Of course, given government regulation and coercion in a sector, a libertarian has no objection to the emergence of black markets, but these markets are more tracheotomies for a sick, coerced society than the breath of fresh air that one could experience in a libertarian society.

Murray Rothbard was correct, there is no connection between libertarians and the running of black market operations. Advancing libertarianism is about education, study and policy concerns, not about being the local (or online) black market drug dealer.

 Robert Wenzel is Editor & Publisher of and  Target Liberty. He is also author of The Fed Flunks: My Speech at the New York Federal Reserve Bank. Follow him on twitter:@wenzeleconomics


  1. Is it not the ultimate gunvernment regulation to declare a voluntary market illegal?
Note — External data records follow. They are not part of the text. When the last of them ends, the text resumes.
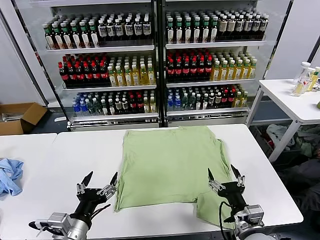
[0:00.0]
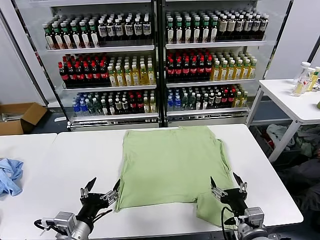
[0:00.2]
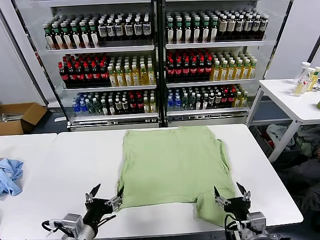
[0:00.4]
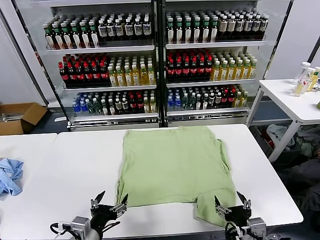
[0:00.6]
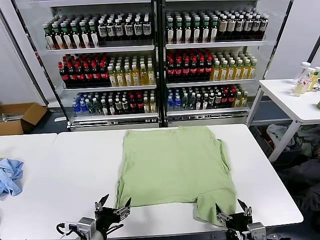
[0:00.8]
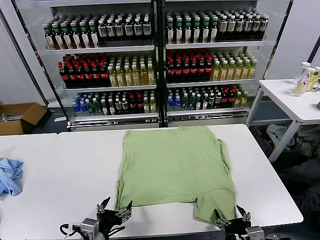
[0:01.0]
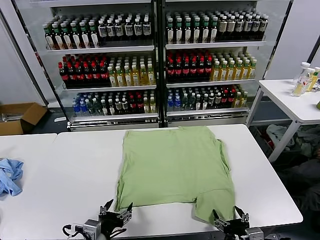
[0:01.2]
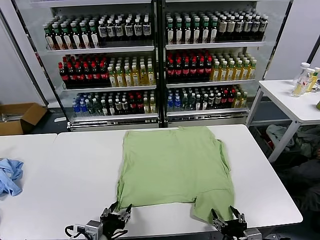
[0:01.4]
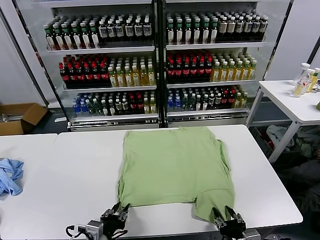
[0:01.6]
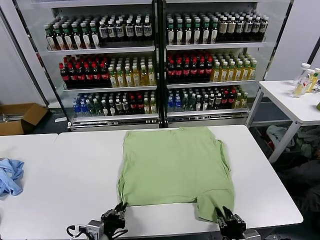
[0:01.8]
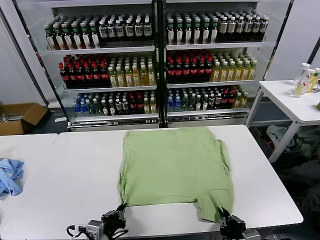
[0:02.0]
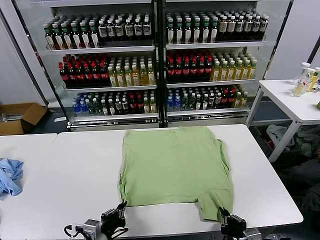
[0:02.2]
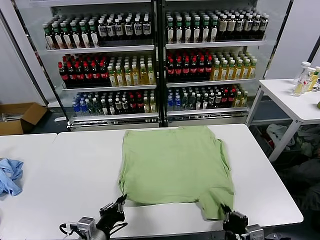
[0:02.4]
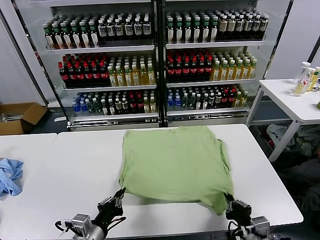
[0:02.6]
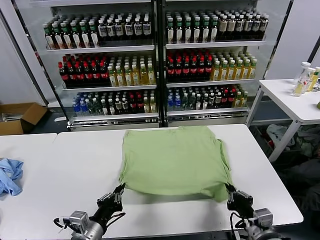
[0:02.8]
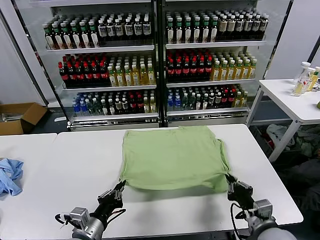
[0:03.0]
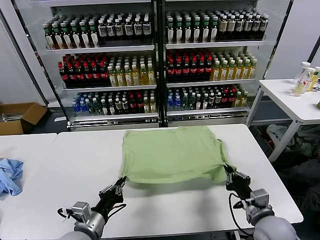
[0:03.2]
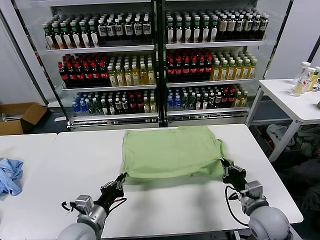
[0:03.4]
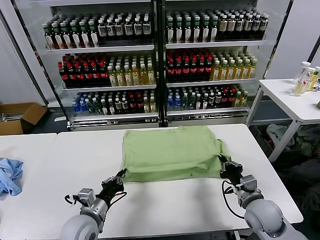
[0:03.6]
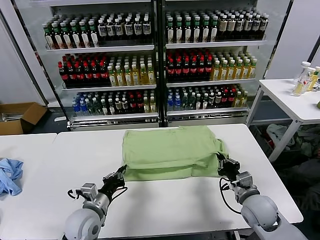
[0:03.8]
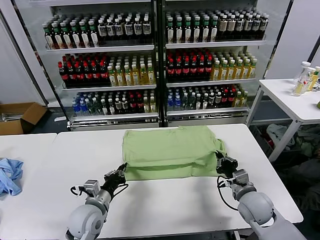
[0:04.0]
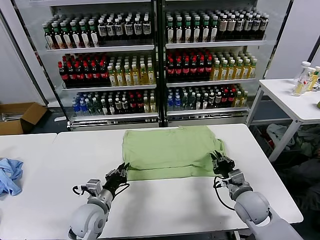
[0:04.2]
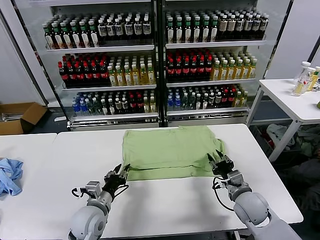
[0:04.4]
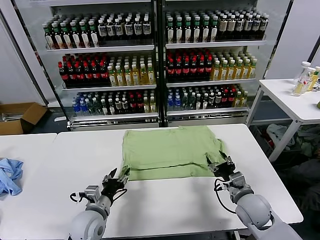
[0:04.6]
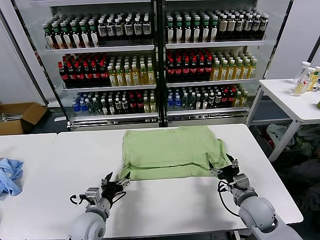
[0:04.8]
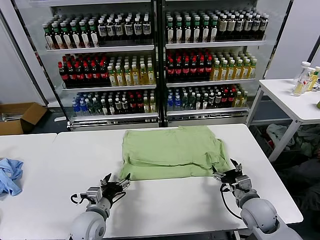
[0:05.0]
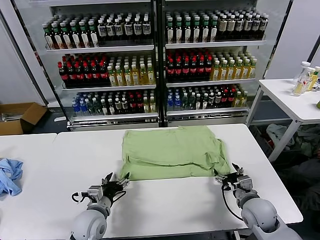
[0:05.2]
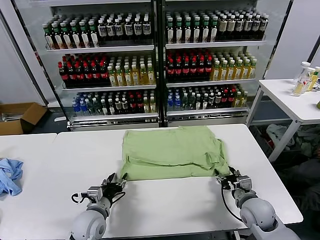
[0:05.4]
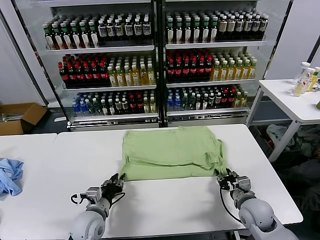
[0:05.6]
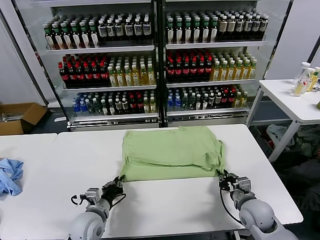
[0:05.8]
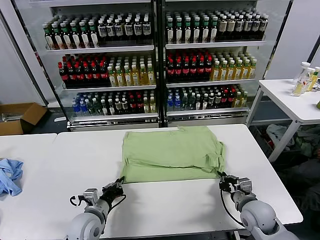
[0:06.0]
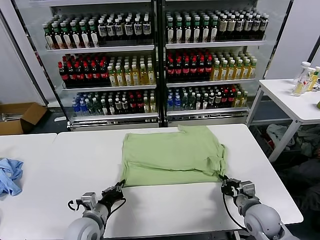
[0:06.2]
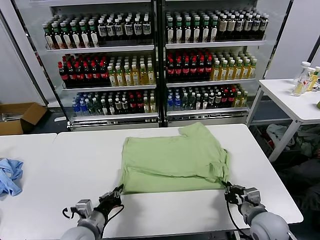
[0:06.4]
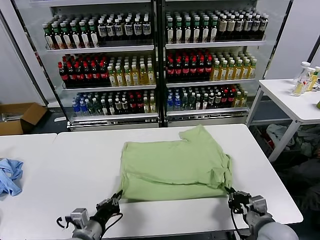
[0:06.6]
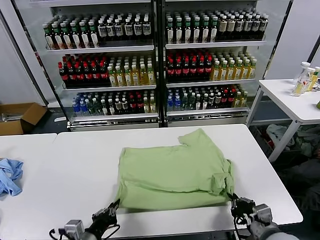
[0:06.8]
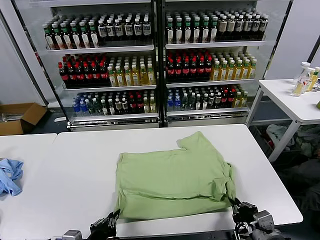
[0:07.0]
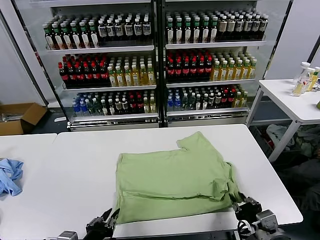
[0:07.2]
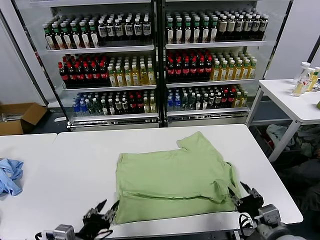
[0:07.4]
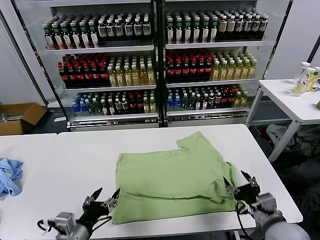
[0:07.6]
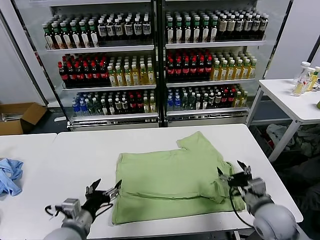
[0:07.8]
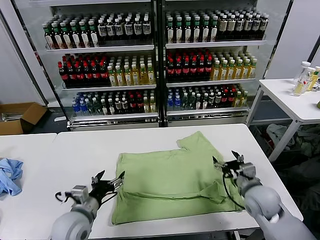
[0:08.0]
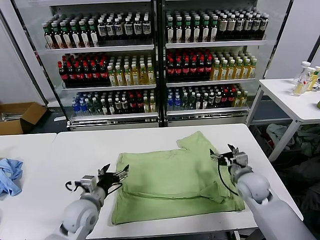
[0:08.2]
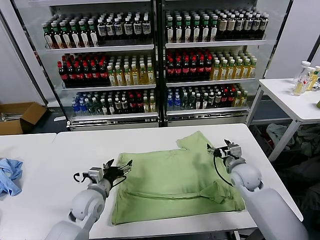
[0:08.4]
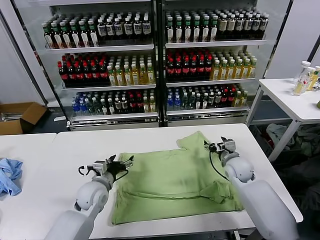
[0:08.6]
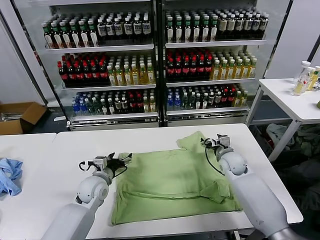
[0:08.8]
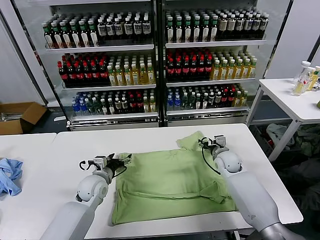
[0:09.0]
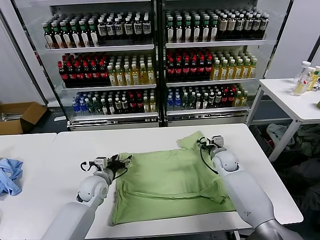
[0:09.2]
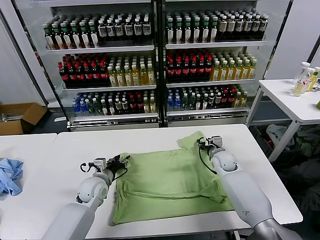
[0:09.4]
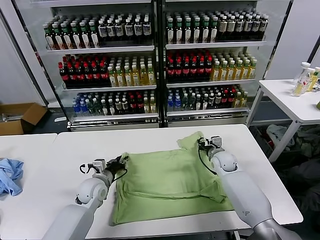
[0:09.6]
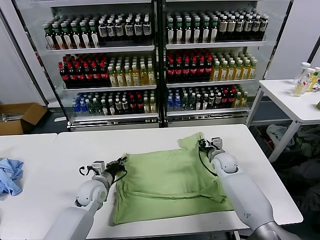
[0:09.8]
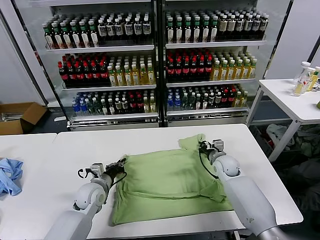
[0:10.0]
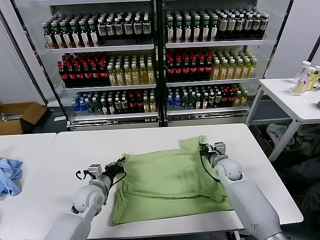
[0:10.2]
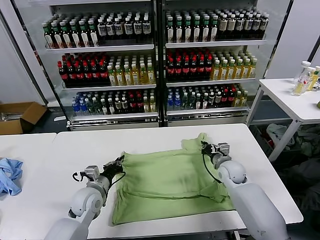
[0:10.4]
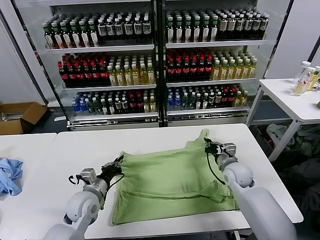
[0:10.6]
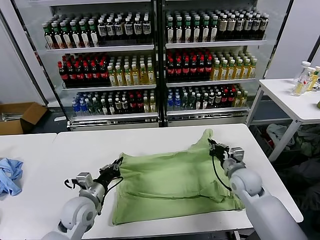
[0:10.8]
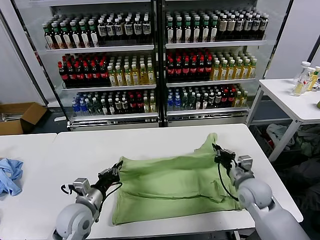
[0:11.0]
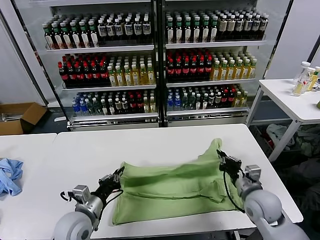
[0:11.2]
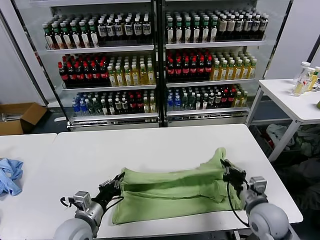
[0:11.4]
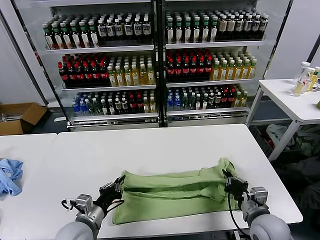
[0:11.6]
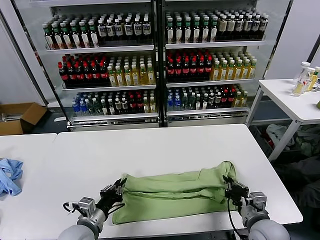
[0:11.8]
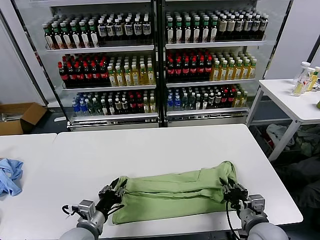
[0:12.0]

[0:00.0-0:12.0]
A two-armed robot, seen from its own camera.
Task of the whole recording: fold and organize the clothes.
Step, 0:00.0 to 0:02.2: use both grippers simultaneously to clamp the lower edge of the clothing fabric.
Step, 0:02.4 to 0:04.4: use both grippers to drag the lower edge of the fabric forward and fold it over the upper edge.
Step, 0:04.8 to 0:07.2: Drag the clothes downward with both gripper.
Step, 0:07.4 to 0:09.8: use both grippers simultaneously to clamp the upper edge of the clothing fabric.
0:01.6 to 0:03.0: The right gripper is displaced forward and upward by roughly 10 cm, and closes up, while the left gripper closes up.
0:03.0 to 0:04.4: The grippers both shift forward by approximately 10 cm. The right gripper opens up; the left gripper opens its fingers.
0:04.4 to 0:06.0: The right gripper closes up, while the left gripper closes its fingers.
0:06.0 to 0:07.6: The left gripper shifts some 15 cm backward and upward, and opens its fingers, while the right gripper goes about 10 cm upward and backward, and opens up.
0:07.6 to 0:09.0: The grippers both shift forward by roughly 25 cm.
0:09.0 to 0:10.4: The right gripper goes roughly 5 cm backward, and closes its fingers, while the left gripper closes.
0:10.4 to 0:12.0: The left gripper travels backward by roughly 15 cm; the right gripper is displaced backward by approximately 25 cm, and opens.

Off the top of my head I can't think of what a civilization based on the NAP woiuld need black markets for.

    Alex Z.

  2. Tom Cotton of the Letter to Iran, writing at Harvard as a sophomore, explains how the NAP destroys “the community”:

    Libertarianism both flows from and into extreme individualism. It denies that the community (which acts through government) has any right, obligation or duty to infringe upon the individual, unless the individual's actions manifestly harm another. It gives government only the minimal means of providing for society. These means are limited to the police and military force, the criminal justice system and pure public goods such as the infrastructure and water systems. To replace all other roles which government plays, it relies solely on personal responsibility both for one's actions and one's fate…….

    To reject all rights of the community, one must reject all influence of the community. To do this implies a very specific, a very Hobbesian, view of human nature. One must think that men are naturally isolated, individual spirits frolicking only with their families and closest friends; we only assent to government to seek peace and stability of life. This outlook considers human society and sociability as purely conventional creations based on utility.

    1. Funny, his "critique" is not really a critique at all, but an ideal condition that libertarians work for. My word, self-sufficient, stable, cooperative people must positively terrify this mutant. Then again, look at what filth this crooked mind has spawned...

      And then he completely goes off the rail, because he equates "the state (government)" with "the community." Bob, as you are so often fond of saying, in a Rothbardian/Hoppean society, the community would have A LOT of say in how people behaved. Plus, for good measure, a nice dollop of Randian utilitarianism for good measure.

      These kinds of people, the empty-headed, thinly-read, and shallow-thinking pseudo-intellectuals, are really, REALLY dangerous.

    2. I was thinking....Isn't someone obsessed with "the community" a Communist?

      Of course if you are gay or black or in a mixed race relationship in the Old South, the community has rights it must be allowed to enforce against you, right?

      If you are Christian and you don't want to bake a cake for the gay wedding, the community has rights it must be allowed to enforce against you, right?

      Tom Cotton. What a brilliant mind.

    3. Sheesh. One non sequitur after another. The Scarecrow was right. Lots of people without brains do an awful lot of talking.

  3. --" Indeed, linking libertarianism with underground markets is an incorrect step. Underground markets, in fact, are a kind of work around "--

    Except that this fact is self-evident: If it is an "underground" market is because there is a restriction imposed by government, under threat of bodily harm or death. How is this supposed to be the evidence against libertarianism? It obviously represents evidence of the oppressive and arbitrary nature of government. Why is it that computer and computer component markets, which are much freer, have NONE of the pitfalls of underground markets?

    But this is the childish nature of anti-liberty arguments: they're nothing more than clumsy strawmen. There is no difference between that argument and one particular meme where a guy says "I'm a libertarian!" and another guy answers with "Oh, so you must hate roads!" Such is the level of discourse.

  4. Illegal is Illegal.....someone needs to check out Bastiat's "The Law."

    Real eye opener for me as i used to be a Republican who always asked, "is this action legal," rather than the correct, "is this action moral."